►

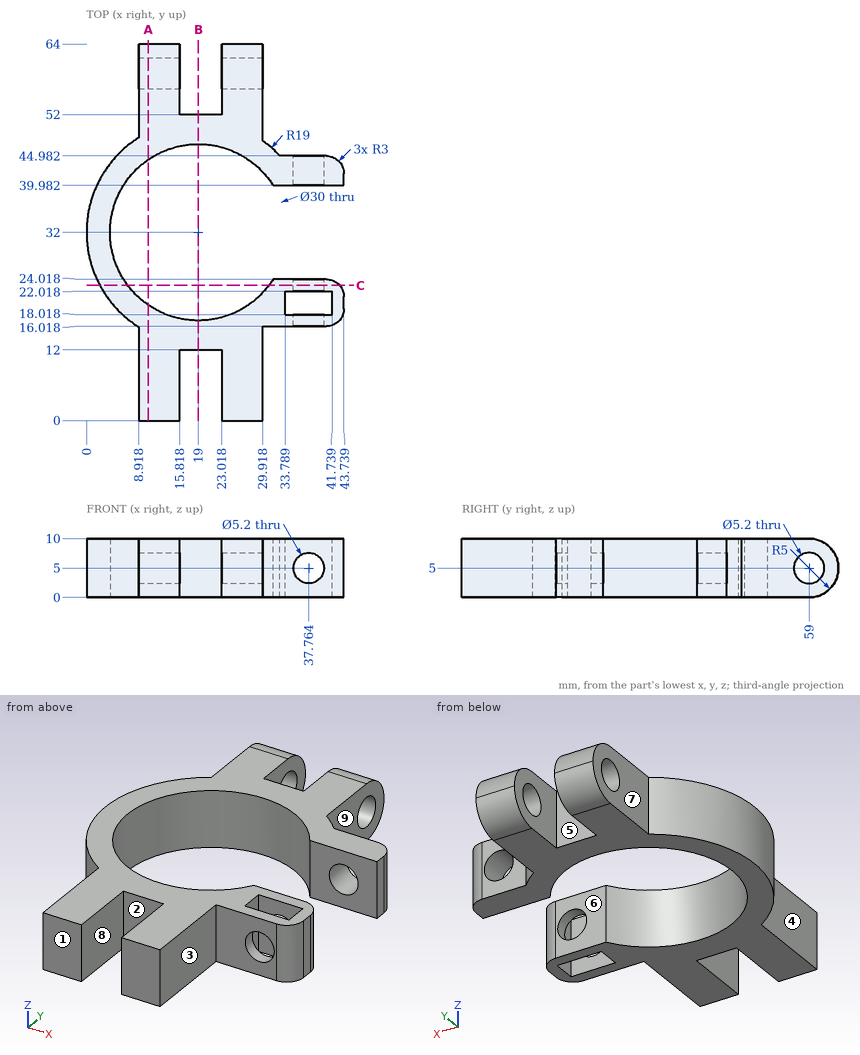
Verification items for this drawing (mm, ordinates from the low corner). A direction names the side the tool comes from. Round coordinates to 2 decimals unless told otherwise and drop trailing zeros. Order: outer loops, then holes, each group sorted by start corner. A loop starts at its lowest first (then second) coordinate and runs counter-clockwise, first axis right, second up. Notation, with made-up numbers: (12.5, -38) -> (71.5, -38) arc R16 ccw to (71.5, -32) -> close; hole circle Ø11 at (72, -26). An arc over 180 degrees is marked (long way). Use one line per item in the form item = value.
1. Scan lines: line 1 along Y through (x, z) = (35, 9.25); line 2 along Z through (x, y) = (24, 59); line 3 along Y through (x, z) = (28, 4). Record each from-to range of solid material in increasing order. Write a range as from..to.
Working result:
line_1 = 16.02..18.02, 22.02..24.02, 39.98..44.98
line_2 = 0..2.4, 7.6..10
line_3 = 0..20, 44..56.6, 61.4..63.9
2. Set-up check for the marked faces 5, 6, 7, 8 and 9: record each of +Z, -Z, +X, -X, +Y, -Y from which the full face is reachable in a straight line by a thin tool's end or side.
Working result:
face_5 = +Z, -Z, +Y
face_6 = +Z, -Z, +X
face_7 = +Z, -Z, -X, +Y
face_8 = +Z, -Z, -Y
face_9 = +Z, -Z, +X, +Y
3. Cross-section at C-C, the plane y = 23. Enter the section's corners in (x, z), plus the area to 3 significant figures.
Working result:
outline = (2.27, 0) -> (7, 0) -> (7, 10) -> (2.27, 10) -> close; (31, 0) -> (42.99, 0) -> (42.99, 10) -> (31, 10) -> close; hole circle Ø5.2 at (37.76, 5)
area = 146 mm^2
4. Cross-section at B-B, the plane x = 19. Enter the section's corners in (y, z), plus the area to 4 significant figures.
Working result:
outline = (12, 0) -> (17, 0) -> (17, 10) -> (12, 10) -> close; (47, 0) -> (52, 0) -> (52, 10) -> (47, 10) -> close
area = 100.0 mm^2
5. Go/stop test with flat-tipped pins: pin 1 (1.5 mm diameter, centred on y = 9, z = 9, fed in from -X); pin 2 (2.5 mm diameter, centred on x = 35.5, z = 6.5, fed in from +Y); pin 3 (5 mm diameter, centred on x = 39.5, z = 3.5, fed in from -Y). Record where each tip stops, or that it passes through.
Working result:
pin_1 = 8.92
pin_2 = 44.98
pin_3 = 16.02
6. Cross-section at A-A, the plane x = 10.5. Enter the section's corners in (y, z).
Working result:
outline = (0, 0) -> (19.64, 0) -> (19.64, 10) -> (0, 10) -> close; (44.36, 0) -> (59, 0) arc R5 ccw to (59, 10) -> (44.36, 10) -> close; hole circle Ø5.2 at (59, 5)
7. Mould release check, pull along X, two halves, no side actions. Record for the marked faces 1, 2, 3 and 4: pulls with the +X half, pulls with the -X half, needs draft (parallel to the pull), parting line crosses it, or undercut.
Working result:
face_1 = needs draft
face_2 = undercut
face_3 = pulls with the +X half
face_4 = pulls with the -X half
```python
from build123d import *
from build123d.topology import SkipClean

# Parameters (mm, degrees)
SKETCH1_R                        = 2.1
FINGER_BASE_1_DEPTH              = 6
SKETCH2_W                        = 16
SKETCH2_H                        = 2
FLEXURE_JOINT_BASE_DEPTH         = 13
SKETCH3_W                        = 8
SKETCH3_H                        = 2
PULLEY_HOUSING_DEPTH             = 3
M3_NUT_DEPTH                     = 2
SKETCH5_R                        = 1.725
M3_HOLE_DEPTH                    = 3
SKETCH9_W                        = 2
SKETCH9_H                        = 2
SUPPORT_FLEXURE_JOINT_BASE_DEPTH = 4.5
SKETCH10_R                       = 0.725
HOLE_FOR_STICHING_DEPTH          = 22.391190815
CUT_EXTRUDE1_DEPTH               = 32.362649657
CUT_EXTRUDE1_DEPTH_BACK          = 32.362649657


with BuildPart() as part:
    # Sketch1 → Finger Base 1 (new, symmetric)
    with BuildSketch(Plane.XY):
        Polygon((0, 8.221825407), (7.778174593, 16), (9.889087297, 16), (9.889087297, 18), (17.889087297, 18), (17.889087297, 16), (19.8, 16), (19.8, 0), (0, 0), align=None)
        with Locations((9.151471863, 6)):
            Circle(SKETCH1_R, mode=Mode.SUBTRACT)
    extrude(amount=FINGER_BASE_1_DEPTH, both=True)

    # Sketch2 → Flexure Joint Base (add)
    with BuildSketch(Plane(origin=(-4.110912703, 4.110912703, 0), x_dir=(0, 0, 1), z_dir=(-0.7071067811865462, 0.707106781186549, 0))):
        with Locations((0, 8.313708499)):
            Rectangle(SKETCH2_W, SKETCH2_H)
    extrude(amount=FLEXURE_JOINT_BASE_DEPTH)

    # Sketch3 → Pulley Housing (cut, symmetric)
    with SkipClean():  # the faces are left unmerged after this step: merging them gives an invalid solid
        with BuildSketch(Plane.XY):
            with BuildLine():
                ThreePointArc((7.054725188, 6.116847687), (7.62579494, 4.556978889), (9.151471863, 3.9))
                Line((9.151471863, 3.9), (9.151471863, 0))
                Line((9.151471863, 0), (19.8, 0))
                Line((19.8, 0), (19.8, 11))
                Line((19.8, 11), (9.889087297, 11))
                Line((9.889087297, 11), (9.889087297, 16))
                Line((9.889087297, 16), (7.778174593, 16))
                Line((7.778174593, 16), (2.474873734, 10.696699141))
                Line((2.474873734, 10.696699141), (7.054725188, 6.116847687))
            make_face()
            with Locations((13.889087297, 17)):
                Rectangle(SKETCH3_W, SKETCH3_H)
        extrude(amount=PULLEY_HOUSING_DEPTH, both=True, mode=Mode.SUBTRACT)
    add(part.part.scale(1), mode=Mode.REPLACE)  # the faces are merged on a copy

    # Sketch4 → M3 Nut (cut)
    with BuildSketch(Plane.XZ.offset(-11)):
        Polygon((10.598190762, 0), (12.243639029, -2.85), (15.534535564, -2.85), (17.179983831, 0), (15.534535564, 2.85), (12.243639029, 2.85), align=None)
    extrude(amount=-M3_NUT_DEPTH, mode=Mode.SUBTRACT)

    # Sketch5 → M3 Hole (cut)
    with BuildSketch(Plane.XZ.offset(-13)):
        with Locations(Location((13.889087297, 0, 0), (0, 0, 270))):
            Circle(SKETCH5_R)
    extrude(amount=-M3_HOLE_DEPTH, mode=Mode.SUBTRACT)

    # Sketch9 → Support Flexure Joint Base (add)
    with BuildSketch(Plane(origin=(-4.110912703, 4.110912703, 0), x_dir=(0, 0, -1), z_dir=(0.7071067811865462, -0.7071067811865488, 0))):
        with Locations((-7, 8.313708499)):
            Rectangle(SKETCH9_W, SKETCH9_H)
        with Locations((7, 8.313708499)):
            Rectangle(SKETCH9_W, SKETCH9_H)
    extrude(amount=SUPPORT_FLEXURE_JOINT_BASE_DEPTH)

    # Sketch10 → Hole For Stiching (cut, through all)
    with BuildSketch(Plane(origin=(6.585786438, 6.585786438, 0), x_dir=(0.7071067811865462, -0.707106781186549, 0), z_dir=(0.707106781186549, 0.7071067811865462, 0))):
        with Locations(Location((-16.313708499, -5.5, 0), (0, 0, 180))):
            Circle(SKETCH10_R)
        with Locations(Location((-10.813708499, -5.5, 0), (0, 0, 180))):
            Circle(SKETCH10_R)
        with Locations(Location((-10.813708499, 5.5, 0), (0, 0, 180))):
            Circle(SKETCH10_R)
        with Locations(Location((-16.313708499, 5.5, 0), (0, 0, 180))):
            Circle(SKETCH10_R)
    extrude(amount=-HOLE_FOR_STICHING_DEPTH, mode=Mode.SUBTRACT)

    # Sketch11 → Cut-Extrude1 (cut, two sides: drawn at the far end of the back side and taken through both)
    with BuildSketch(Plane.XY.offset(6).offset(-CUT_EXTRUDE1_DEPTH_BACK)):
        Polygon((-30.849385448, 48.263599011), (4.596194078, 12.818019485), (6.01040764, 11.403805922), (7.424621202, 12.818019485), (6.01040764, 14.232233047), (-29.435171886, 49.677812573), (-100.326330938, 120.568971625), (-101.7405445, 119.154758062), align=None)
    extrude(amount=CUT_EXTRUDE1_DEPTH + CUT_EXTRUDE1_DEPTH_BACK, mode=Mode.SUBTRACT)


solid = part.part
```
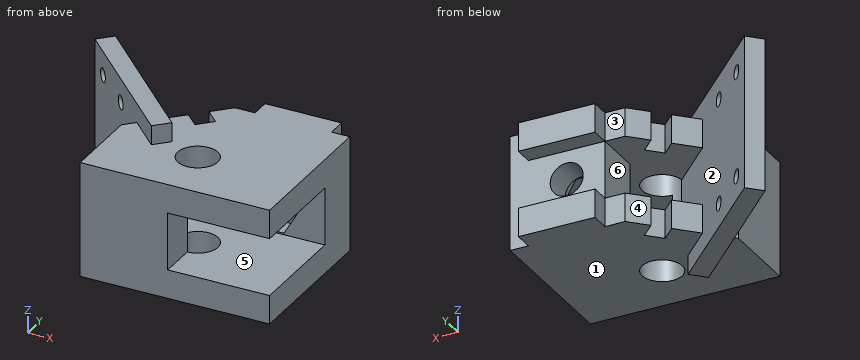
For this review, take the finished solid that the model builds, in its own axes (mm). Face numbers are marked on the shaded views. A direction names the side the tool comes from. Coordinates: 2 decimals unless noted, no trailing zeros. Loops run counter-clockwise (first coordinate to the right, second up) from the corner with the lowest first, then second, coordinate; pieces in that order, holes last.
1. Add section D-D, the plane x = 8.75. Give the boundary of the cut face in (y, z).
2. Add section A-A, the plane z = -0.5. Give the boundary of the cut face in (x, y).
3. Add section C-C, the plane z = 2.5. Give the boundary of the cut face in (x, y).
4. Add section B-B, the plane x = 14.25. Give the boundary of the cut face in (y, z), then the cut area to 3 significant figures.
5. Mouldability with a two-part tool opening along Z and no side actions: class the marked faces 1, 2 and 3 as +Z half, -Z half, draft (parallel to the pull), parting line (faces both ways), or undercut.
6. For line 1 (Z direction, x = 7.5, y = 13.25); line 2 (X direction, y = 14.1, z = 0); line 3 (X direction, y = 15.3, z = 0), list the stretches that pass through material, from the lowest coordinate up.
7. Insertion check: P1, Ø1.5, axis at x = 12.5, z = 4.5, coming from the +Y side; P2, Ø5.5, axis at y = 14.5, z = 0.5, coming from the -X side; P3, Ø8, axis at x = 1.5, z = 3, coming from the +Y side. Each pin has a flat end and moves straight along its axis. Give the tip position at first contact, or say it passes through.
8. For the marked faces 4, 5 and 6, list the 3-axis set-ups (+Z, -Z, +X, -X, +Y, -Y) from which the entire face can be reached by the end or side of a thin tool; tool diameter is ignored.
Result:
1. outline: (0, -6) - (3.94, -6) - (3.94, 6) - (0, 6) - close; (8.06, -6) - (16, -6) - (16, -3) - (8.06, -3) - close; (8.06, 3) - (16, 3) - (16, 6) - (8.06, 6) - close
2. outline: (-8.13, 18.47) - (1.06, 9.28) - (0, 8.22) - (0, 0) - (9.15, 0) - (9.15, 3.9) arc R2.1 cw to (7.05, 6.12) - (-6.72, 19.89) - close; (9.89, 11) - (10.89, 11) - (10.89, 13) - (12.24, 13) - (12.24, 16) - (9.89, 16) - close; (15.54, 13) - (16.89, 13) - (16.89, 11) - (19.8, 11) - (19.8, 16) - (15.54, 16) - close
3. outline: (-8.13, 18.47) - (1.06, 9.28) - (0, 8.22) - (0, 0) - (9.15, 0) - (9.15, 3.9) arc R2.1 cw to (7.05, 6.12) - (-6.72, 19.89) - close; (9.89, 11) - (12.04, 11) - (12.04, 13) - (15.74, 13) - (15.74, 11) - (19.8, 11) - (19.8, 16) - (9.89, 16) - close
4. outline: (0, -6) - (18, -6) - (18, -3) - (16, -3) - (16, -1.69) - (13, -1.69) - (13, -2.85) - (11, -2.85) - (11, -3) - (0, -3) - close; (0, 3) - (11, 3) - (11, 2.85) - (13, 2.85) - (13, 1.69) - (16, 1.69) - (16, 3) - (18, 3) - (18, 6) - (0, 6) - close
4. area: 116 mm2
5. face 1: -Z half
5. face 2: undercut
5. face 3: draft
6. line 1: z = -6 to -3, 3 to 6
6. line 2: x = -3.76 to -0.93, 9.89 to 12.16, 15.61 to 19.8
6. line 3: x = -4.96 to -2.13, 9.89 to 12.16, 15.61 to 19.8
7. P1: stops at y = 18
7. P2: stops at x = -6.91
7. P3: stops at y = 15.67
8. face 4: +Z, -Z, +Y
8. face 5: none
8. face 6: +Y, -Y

◄

=== Exercise directions ===
Please filter the data down to the lines containing the word "align".

=== Result below ===
        Polygon((0, 8.221825407), (7.778174593, 16), (9.889087297, 16), (9.889087297, 18), (17.889087297, 18), (17.889087297, 16), (19.8, 16), (19.8, 0), (0, 0), align=None)
        Polygon((10.598190762, 0), (12.243639029, -2.85), (15.534535564, -2.85), (17.179983831, 0), (15.534535564, 2.85), (12.243639029, 2.85), align=None)
        Polygon((-30.849385448, 48.263599011), (4.596194078, 12.818019485), (6.01040764, 11.403805922), (7.424621202, 12.818019485), (6.01040764, 14.232233047), (-29.435171886, 49.677812573), (-100.326330938, 120.568971625), (-101.7405445, 119.154758062), align=None)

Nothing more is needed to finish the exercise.